What to work on >>
Taking the line with "Answer in this" as the first and the line with "Please mark the block with a 3D bounding box." as the last, set down exactly every line in that range from the entries below, and no more.

Available records >>

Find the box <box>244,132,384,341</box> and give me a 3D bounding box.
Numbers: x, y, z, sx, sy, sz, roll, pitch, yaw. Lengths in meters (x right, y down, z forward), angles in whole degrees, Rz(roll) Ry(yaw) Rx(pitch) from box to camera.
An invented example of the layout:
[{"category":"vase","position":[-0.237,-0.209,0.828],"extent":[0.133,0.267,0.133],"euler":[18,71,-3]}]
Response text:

---

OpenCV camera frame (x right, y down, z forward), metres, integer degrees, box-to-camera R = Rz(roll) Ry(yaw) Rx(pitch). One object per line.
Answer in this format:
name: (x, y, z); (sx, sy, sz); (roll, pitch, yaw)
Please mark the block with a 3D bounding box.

---

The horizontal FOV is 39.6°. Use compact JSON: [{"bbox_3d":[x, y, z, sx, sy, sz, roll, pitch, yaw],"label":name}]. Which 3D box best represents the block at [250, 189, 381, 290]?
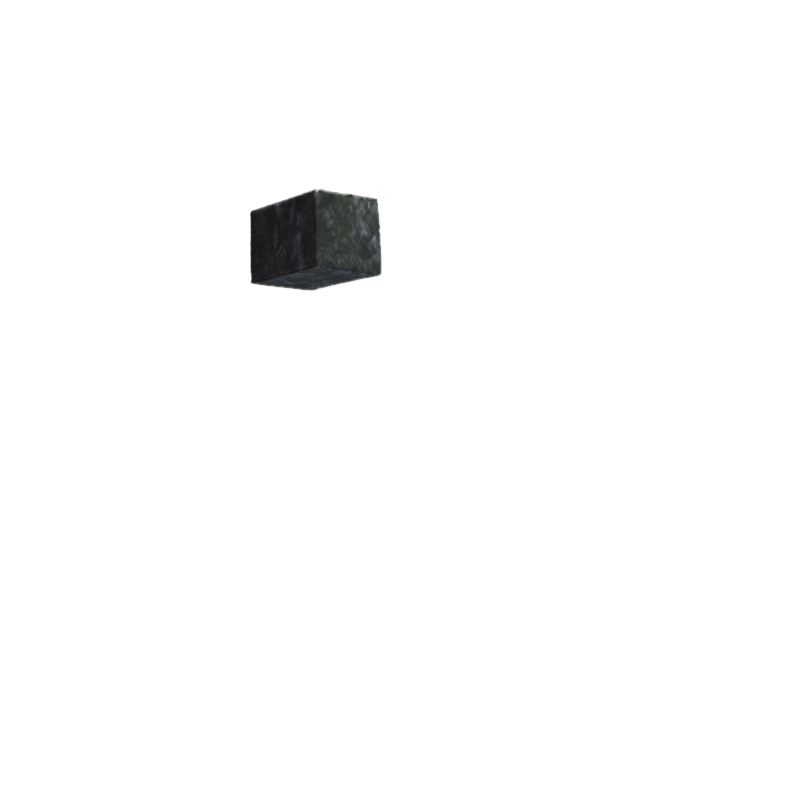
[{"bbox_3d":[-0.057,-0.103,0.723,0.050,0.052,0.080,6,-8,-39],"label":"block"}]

Finished exercise >>
Answer in this format:
name: (x, y, z); (sx, sy, sz); (roll, pitch, yaw)
Please mark the block with a 3D bounding box.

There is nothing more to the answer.